Conventional wisdom is wrong.

Do not reward the better programmers any more than the weaker programmers.

By rewarding better programmers, you place each individual in direct competition with the others. The easiest way to get to the top of the stack is to keep ones knowledge to oneself and stop helping others. Not surprisingly, a team can quickly fall apart. A quality team needs cooperation, not competition. Spread of knowledge benefits the entire team, and vastly increases the chances of delivering higher quality software.

The issue of competition and cooperation is a complex one, which deserves an essay on its own. In the meantime, consider the following extract from the book Peopleware:

Internal competition has the direct effect of making coaching difficult or impossible. Since coaching is essential to the workings of a healthy team, anything the manager does to increase competition within a team has to be viewed as teamicidal. Here are some of the managerial actions that tend to produce teamicidal side effects:

  • Annual salary or merit reviews
  • Management by objectives (MBO)
  • Praise of certain workers for extraordinary accomplishment
  • Awards, prizes, bonuses tied to performance
  • Performance measurement in almost any form


If you haven't read Peopleware yet, do so. It's one of those books that will completely change your perspective on software development.

Besides, how do we find who the best performers are? Should we count lines of code written? What if someone provides an elegant solution that takes only half the number of lines of code. Are they less productive? Or should we look at bugs per hundred lines of code? Does that correlate with programmer quality? Or does it just encourage programmers to mark bugs as "Invalid" or "By design" instead of fixing it, so that it does not count against them? Every manager's dream is to have a simple metric that can be used to quantify the quality of the programmer. Unfortunately, there is still no easy way of measuring programmer quality.

In this ITCoversations interview, Joel Spolsky talks about a team member who didn't seem to do anything. However, every team he was in succeeded. It turns out that he spent most of his time teaching and mentoring the other team members so that they could do a better job. All his team members loved having him on the team, but management was on the verge of firing him because the performance metrics showed him as the weakest performer.

One thing is clear: Its hard to measure the value added by a programmer to the team, its hard to measure who the best programmers are, and even if you know who they are, its hard to come up with some method of rewarding them without heavy side effects. But what is the alternative?

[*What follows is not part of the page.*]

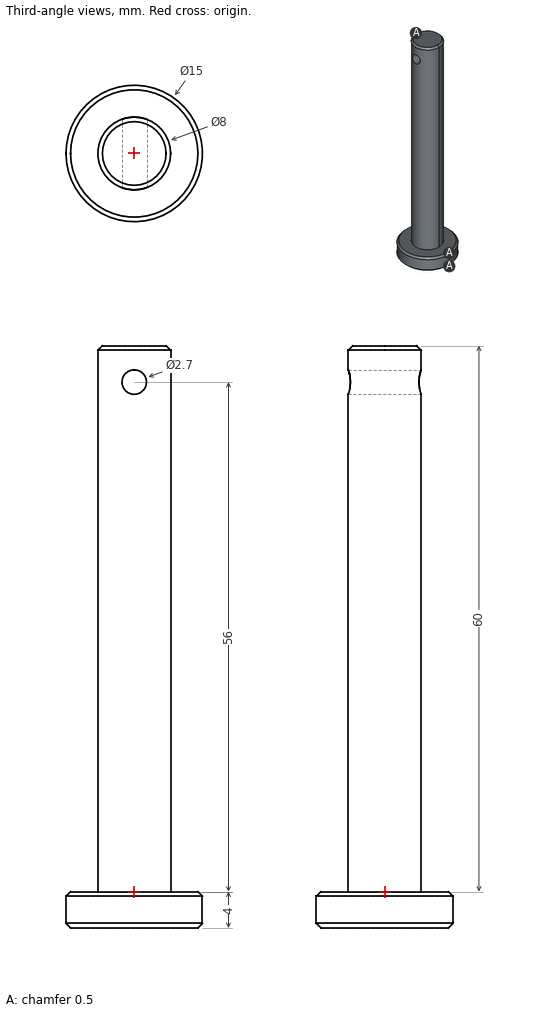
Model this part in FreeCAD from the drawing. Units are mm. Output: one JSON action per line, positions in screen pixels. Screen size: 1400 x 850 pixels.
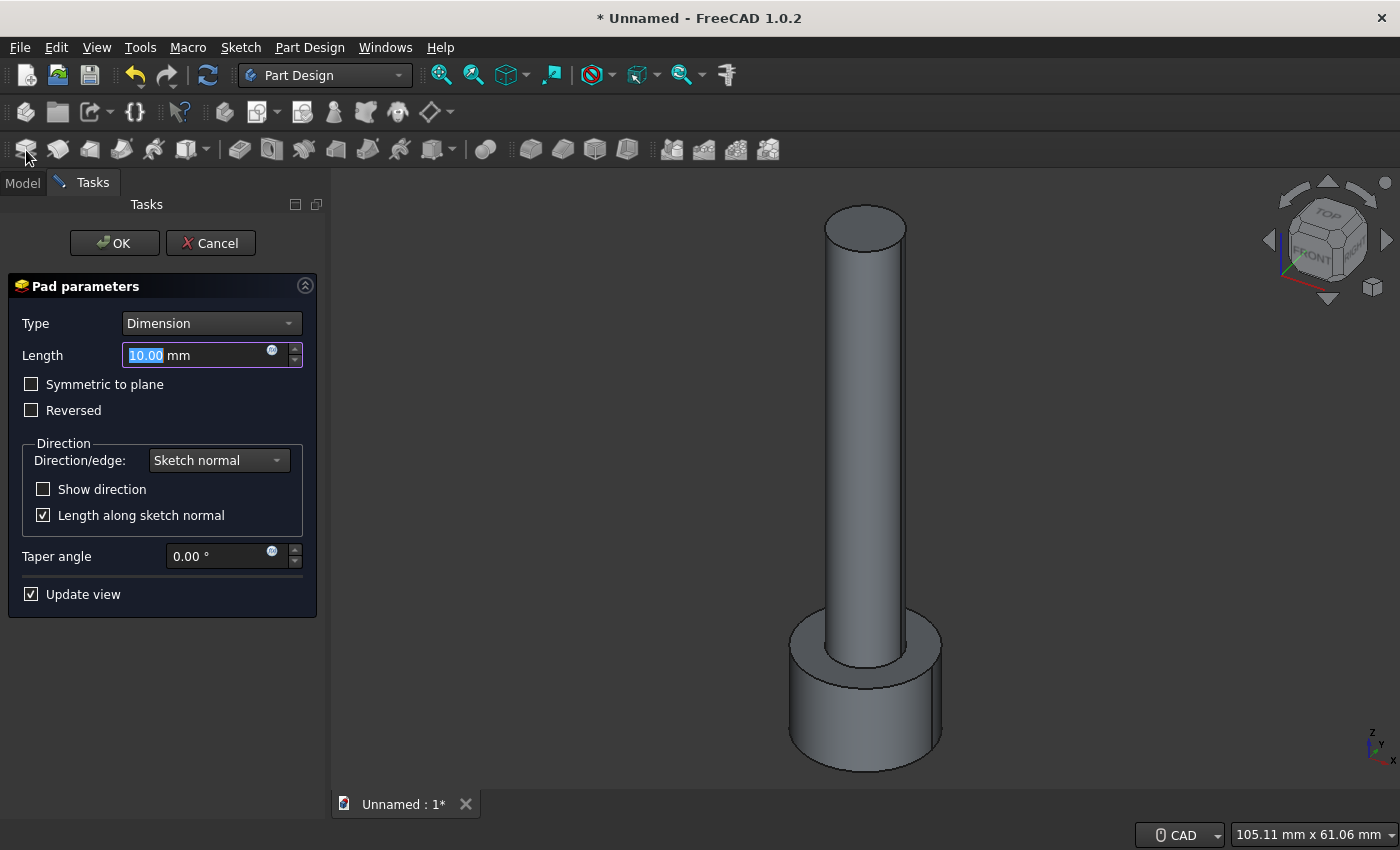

Is it really practical to say that we will reward the best programmers as much as the worst? What about the best people leaving the company or getting demotivated? What happens to employee morale when they realise that even if they put in extra effort, they will not be rewarded any more than if they had put in their normal effort? Ahh, the complexities of the real world.

The best solution to this tricky situation is to ensure that you don't hire weak programmers. It's tempting to lower your standard when you desperately need programmers, but this can have serious long term implications.

Next, try to ensure that the key motivating factor for your employees is not a reward. People should want to put in an extra effort because they want to deliver quality software and see the project succeed, not because they want some reward. It's the project manager's responsibility to bring about this change of mindset.

Finally, have a clear and consistent promotion system. Promotions typically look at skills rather than performance. Establish the skills required to move up a level. Then promote people when they achieve that skill level. This provides a sense of progression without breaking up the team.

Some other solutions are provided by Mary Poppendieck in this excellent essay [PDF] for Better Software Magazine.

No matter which solution is adopted, managers must be careful. By attempting to optimize individual performance, they can end up sacrificing team performance. This is a risk that must always be kept in mind.